## Task statement
Begin with the line containing "Class now: dumpling." and copy each line exactly through the last line of the entries, inclusive.

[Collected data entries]
◆ ◆ ◆ ◆

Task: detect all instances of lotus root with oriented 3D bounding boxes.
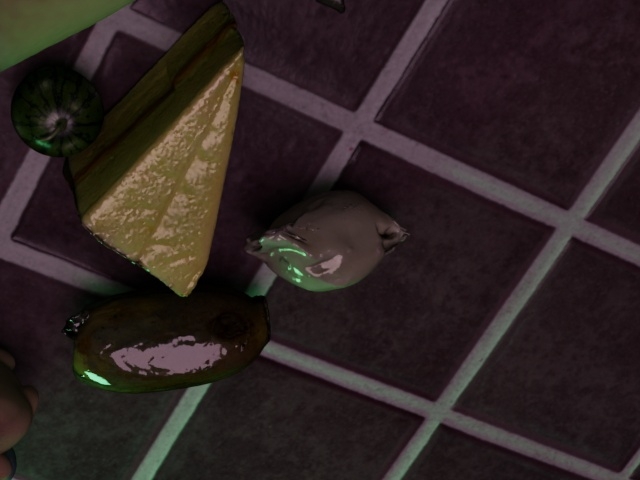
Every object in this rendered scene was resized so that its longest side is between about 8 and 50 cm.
[{"bbox_3d":[-0.175,0.115,1.725,0.241,0.124,0.123,-4,106,-7],"label":"lotus root"}]

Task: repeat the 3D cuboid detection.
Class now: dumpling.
[{"bbox_3d":[0.000,0.000,1.702,0.199,0.136,0.118,3,85,-36],"label":"dumpling"}]

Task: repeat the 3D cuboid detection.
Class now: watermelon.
[{"bbox_3d":[-0.275,-0.135,1.568,0.109,0.109,0.109,-5,121,-9],"label":"watermelon"}]

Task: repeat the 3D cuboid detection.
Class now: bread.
[{"bbox_3d":[-0.128,-0.094,1.588,0.264,0.167,0.163,-44,120,13],"label":"bread"}]

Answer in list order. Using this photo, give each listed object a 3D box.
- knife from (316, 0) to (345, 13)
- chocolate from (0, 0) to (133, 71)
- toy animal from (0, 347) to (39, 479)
[{"bbox_3d":[-0.057,-0.308,1.559,0.222,0.021,0.045,29,110,-21],"label":"knife"},{"bbox_3d":[-0.286,-0.337,1.339,0.297,0.314,0.326,-34,124,-3],"label":"chocolate"},{"bbox_3d":[-0.438,0.225,1.690,0.229,0.210,0.221,-18,139,-42],"label":"toy animal"}]

◆ ◆ ◆ ◆

## Solution to the exercise
Class now: dumpling.
[{"bbox_3d":[0.000,0.000,1.702,0.199,0.136,0.118,3,85,-36],"label":"dumpling"}]

Task: repeat the 3D cuboid detection.
Class now: watermelon.
[{"bbox_3d":[-0.275,-0.135,1.568,0.109,0.109,0.109,-5,121,-9],"label":"watermelon"}]

Task: repeat the 3D cuboid detection.
Class now: bread.
[{"bbox_3d":[-0.128,-0.094,1.588,0.264,0.167,0.163,-44,120,13],"label":"bread"}]

Answer in list order. Using this photo, give each listed object a 3D box.
- knife from (316, 0) to (345, 13)
- chocolate from (0, 0) to (133, 71)
- toy animal from (0, 347) to (39, 479)
[{"bbox_3d":[-0.057,-0.308,1.559,0.222,0.021,0.045,29,110,-21],"label":"knife"},{"bbox_3d":[-0.286,-0.337,1.339,0.297,0.314,0.326,-34,124,-3],"label":"chocolate"},{"bbox_3d":[-0.438,0.225,1.690,0.229,0.210,0.221,-18,139,-42],"label":"toy animal"}]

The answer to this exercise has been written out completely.